Le vrai dans l’éducation, à propos d’un livre récent de Mme Edgar Quinet

Le vrai dans l’éducation, à propos d’un livre récent de Mme Edgar Quinet
Revue pédagogique, second semestre 1891 (p. 516-520).

LE VRAI DANS L’ÉDUCATION[1]



La Revue pédagogique a déjà donné quelques extraits de ce livre. Si nous y revenons aujourd’hui, c’est qu’il mérite de retenir l’attention de toute une catégorie de notre public, celle de nos lectrices. Toutes celles qui ont, à quelque titre que ce soit, charge d’éducation féminine, l’accueilleront avec reconnaissance, et comme un présent qui leur a été destiné spécialement. Il est dommage que cette publication se soit produite juste au moment de la reprise des cours : c’était une vraie lecture de vacances, un de ces rares ouvrages faits pour les heures de loisir, propres à la fois à les remplir agréablement et à les rendre fécondes.
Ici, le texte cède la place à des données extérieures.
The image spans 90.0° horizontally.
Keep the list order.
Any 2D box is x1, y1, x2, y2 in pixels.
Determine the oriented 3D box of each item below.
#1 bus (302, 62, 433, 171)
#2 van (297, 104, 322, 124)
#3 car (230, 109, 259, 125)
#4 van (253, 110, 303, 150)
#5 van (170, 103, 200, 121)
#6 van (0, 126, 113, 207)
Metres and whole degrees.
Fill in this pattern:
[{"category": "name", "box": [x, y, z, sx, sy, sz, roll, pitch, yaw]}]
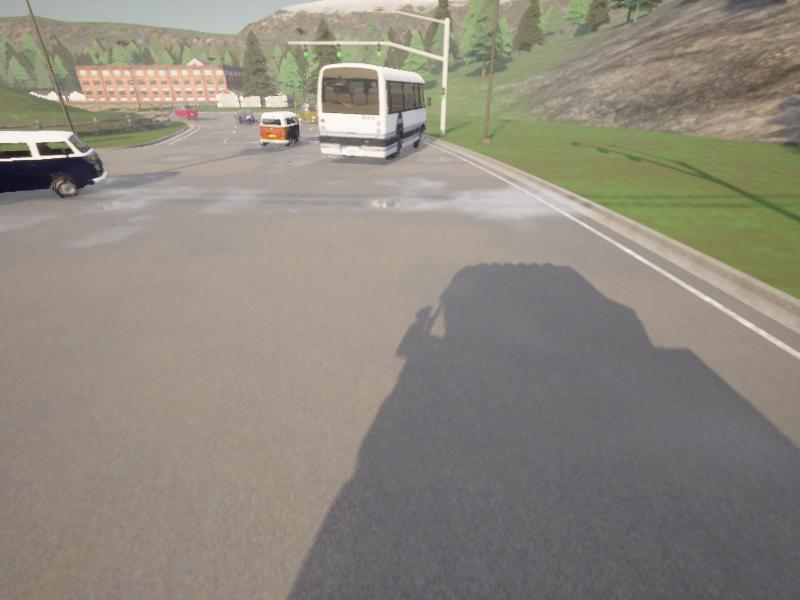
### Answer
[{"category": "bus", "box": [-1.126, -10.430, 22.264, 3.944, 4.253, 10.273, 8, 29, 12]}, {"category": "van", "box": [-10.721, -21.970, 47.245, 1.775, 1.987, 4.442, -11, 29, -22]}, {"category": "car", "box": [-18.496, -21.789, 47.494, 2.163, 1.488, 4.792, -14, 30, -25]}, {"category": "van", "box": [-7.968, -11.424, 26.662, 2.069, 2.038, 4.480, 2, 27, -3]}, {"category": "van", "box": [-29.226, -25.543, 54.312, 4.442, 1.987, 1.775, 23, 35, 37]}, {"category": "van", "box": [-12.313, -4.317, 12.870, 4.480, 2.038, 2.069, -14, 32, -25]}]
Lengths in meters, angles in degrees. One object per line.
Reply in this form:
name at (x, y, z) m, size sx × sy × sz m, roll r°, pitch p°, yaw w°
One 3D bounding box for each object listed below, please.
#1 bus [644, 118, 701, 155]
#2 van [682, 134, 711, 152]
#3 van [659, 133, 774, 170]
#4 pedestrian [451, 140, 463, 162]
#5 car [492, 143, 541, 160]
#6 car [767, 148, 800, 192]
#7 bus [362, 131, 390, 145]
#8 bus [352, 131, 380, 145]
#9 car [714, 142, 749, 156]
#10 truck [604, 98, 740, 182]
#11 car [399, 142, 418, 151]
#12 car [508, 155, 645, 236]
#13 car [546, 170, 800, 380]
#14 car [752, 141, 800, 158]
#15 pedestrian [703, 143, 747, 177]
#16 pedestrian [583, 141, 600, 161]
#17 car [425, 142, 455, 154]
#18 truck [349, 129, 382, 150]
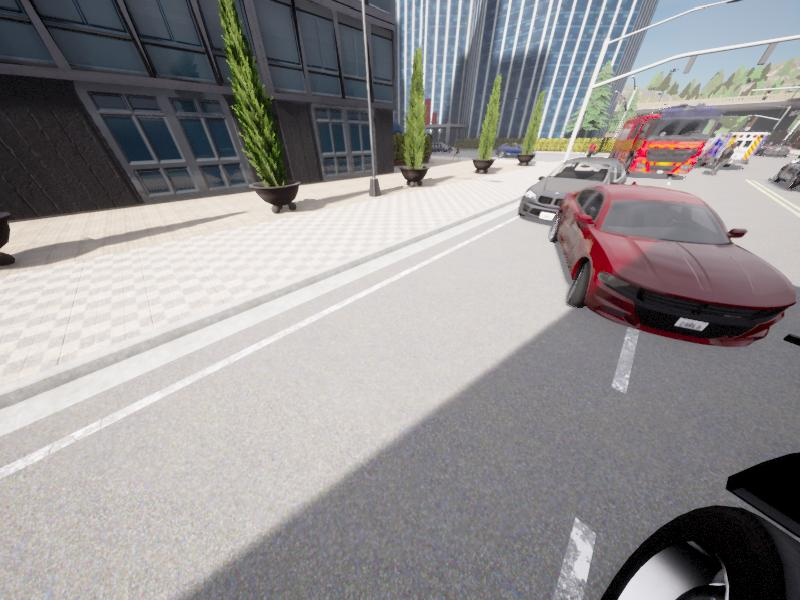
bus at (43.129, -25.940, 36.770) m, size 3.944 × 4.253 × 10.273 m, roll 29°, pitch 45°, yaw 35°
van at (51.701, -27.496, 40.399) m, size 1.988 × 2.561 × 5.915 m, roll 29°, pitch 45°, yaw 35°
van at (27.576, -13.476, 20.754) m, size 2.351 × 2.431 × 6.366 m, roll 7°, pitch 36°, yaw 10°
pedestrian at (5.912, -15.503, 24.006) m, size 0.751 × 1.860 × 0.751 m, roll 21°, pitch 40°, yaw 27°
car at (14.746, -19.024, 29.453) m, size 4.856 × 1.649 × 2.033 m, roll 29°, pitch 45°, yaw 35°
car at (21.637, -6.672, 11.806) m, size 1.930 × 1.638 × 5.238 m, roll 29°, pitch 45°, yaw 35°
bus at (-8.952, -62.256, 88.881) m, size 3.944 × 4.253 × 10.273 m, roll 30°, pitch 45°, yaw 35°
bus at (-12.976, -62.572, 89.366) m, size 3.944 × 4.253 × 10.273 m, roll 30°, pitch 45°, yaw 35°
car at (48.308, -22.220, 33.816) m, size 2.128 × 1.511 × 4.902 m, roll 29°, pitch 45°, yaw 35°
truck at (17.952, -11.210, 16.395) m, size 2.891 × 3.827 × 8.468 m, roll 17°, pitch 39°, yaw 23°
car at (1.659, -31.917, 47.969) m, size 3.705 × 1.549 × 1.789 m, roll 29°, pitch 44°, yaw 35°
car at (6.046, -3.808, 7.853) m, size 4.611 × 1.667 × 2.242 m, roll -28°, pitch 43°, yaw -34°
car at (4.283, -1.262, 4.341) m, size 1.882 × 1.535 × 5.008 m, roll 14°, pitch 37°, yaw 19°
car at (48.858, -19.749, 30.154) m, size 2.242 × 1.667 × 4.611 m, roll 29°, pitch 45°, yaw 35°
pedestrian at (21.497, -9.309, 15.327) m, size 0.751 × 1.860 × 0.751 m, roll -12°, pitch 37°, yaw -17°
pedestrian at (21.522, -16.799, 25.985) m, size 0.751 × 1.860 × 0.751 m, roll 29°, pitch 45°, yaw 35°
car at (6.834, -26.267, 39.789) m, size 4.611 × 1.667 × 2.242 m, roll 29°, pitch 45°, yaw 35°
truck at (-8.380, -38.448, 55.373) m, size 8.468 × 3.827 × 2.891 m, roll 29°, pitch 44°, yaw 35°
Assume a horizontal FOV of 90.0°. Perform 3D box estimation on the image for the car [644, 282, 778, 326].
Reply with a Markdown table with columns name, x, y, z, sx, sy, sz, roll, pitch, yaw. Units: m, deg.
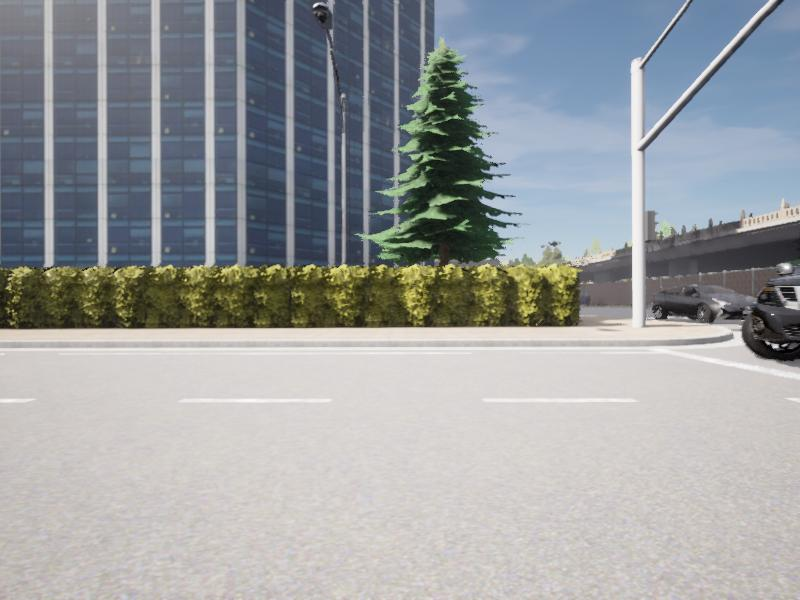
| name | x | y | z | sx | sy | sz | roll | pitch | yaw |
| --- | --- | --- | --- | --- | --- | --- | --- | --- | --- |
| car | 12.175 | 0.133 | 16.146 | 2.007 | 1.525 | 4.514 | 0 | 0 | 2 |

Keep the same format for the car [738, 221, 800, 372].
| name | x | y | z | sx | sy | sz | roll | pitch | yaw |
| --- | --- | --- | --- | --- | --- | --- | --- | --- | --- |
| car | 8.018 | -0.069 | 6.510 | 5.566 | 2.045 | 2.150 | -1 | 2 | -31 |

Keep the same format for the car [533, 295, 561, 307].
| name | x | y | z | sx | sy | sz | roll | pitch | yaw |
| --- | --- | --- | --- | --- | --- | --- | --- | --- | --- |
| car | 19.733 | 0.107 | 54.061 | 2.038 | 1.542 | 4.974 | 0 | 0 | 1 |

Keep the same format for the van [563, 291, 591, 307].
| name | x | y | z | sx | sy | sz | roll | pitch | yaw |
| --- | --- | --- | --- | --- | --- | --- | --- | --- | --- |
| van | 23.211 | -0.134 | 52.725 | 1.775 | 1.987 | 4.442 | 0 | 0 | 1 |
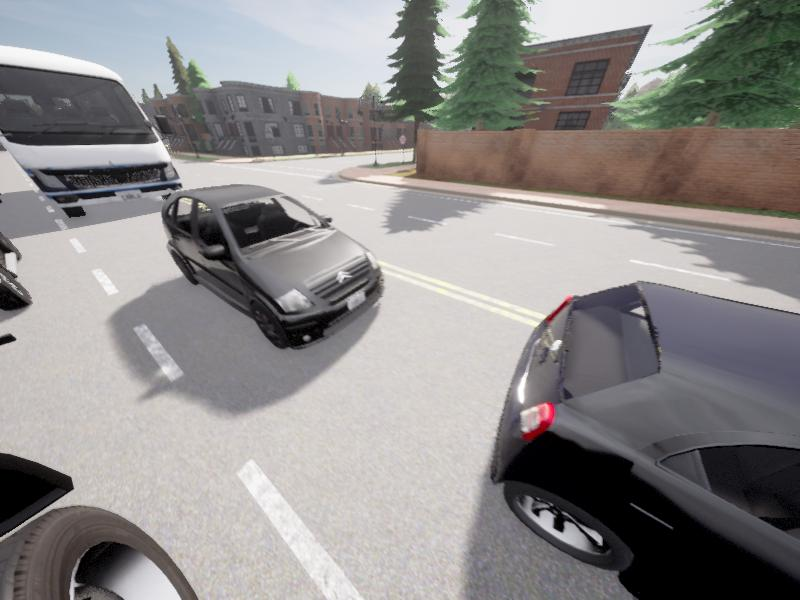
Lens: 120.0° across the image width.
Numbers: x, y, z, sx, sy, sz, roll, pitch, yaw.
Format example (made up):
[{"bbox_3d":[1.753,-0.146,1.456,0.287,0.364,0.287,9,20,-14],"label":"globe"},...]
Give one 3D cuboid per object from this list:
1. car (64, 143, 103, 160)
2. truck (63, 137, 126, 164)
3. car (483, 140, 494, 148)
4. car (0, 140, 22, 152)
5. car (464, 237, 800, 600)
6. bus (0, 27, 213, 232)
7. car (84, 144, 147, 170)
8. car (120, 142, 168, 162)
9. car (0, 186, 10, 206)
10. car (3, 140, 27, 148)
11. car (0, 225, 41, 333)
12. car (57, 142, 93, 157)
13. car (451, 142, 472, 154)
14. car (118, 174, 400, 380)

L’originalité du volume, c’est de n’être pas une étude de pédagogie. L’auteur n’a rien qui rappelle « l’école ». C’est une « laïque », une personne du dehors. Elle ne prétend pas avoir un système et nous le présenter, mais tout simplement causer en liberté, penser tout haut devant nous au gré de sa fantaisie. Et comme cette pensée est riche d’expérience et de raison, et en même temps d’une hauteur constante d’inspiration, il en résulte que ces causeries sont pleines d’intérêt et, comme on dit aujourd’hui, très suggestives ». Au surplus, on en jugera par les citations que nous allons faire, en choisissant de préférence dans les pages plus spécialement consacrées à l’éducation féminine.

Il y a deux grands principes qui paraissent dominer l’idée que Mme Quinet se forme de l’éducation : l’un, c’est l’attachement au vrai, l’autre c’est le souci du naturel. Et au fond ces deux idées se pénètrent l’une l’autre et n’en forment qu’une. C’est parce que la vérité lui est sacrée, que l’auteur déteste l’artifice et prêche le respect de la nature et de la simplicité.

« Toute parole, toute lecture, le choix des amitiés, tout sera dirigé dans un esprit de vérité et de bonté. L’enfant s’habituera à aimer ce qui est vrai plutôt que ce qui brille ; ce qui est impérissable plutôt que la mode passagère. La sincérité absolue, voilà le premier moyen en éducation et le plus puissant…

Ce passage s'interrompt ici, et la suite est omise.